[Input]:
· · · · ·

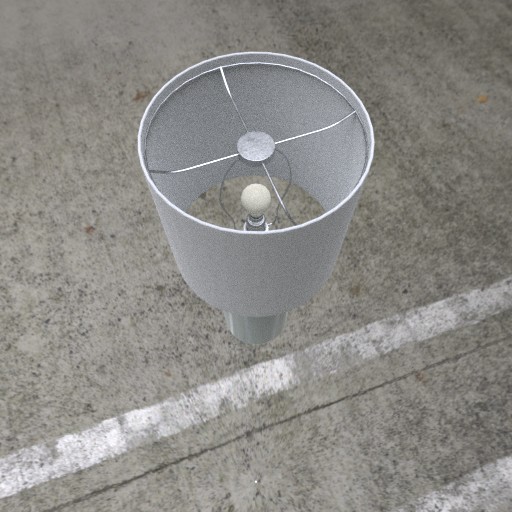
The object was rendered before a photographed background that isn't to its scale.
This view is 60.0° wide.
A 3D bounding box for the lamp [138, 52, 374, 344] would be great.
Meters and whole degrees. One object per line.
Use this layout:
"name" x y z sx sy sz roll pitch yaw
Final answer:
"lamp" 0.000 0.000 0.618 0.212 0.493 0.212 -18 65 -9
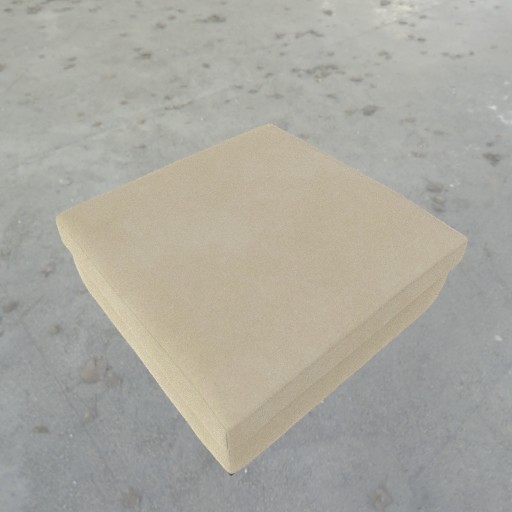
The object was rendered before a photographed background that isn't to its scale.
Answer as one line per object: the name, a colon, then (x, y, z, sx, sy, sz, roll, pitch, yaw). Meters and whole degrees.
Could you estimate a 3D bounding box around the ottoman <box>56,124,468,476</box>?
ottoman: (0.000, 0.000, 1.867, 1.205, 0.522, 1.190, -31, 53, -27)
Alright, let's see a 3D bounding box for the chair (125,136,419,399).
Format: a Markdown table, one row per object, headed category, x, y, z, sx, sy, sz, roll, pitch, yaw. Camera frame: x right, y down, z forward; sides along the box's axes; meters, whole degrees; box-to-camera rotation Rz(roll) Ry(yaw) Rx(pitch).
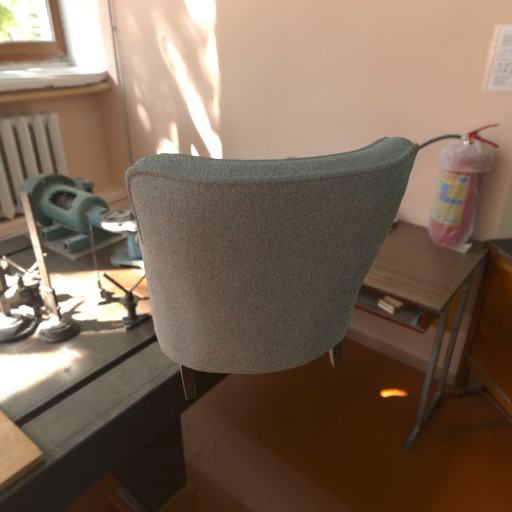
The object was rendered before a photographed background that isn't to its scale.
| category | x | y | z | sx | sy | sz | roll | pitch | yaw |
| --- | --- | --- | --- | --- | --- | --- | --- | --- | --- |
| chair | 0.000 | 0.000 | 1.587 | 0.820 | 0.920 | 0.910 | -8 | 28 | -15 |
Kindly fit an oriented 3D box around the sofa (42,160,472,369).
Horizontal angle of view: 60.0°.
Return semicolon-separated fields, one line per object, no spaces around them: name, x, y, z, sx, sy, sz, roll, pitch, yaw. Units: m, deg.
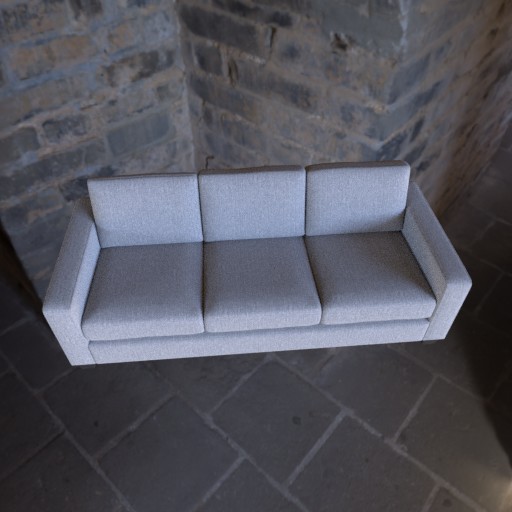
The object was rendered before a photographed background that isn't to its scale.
sofa;0.000;0.000;2.569;2.120;0.800;0.900;-3;45;-3

· · · · ·

[Problem]: Reproduce exactly and only the lines from the one with "Return semicolon-separated fields, one" through the final line of the records above, inclusive. Pictures must be left out.

[Exercise output]:
Return semicolon-separated fields, one line per object, no spaces around them: name, x, y, z, sx, sy, sz, roll, pitch, yaw. Units: m, deg.
The object was rendered before a photographed background that isn't to its scale.
sofa;0.000;0.000;2.569;2.120;0.800;0.900;-3;45;-3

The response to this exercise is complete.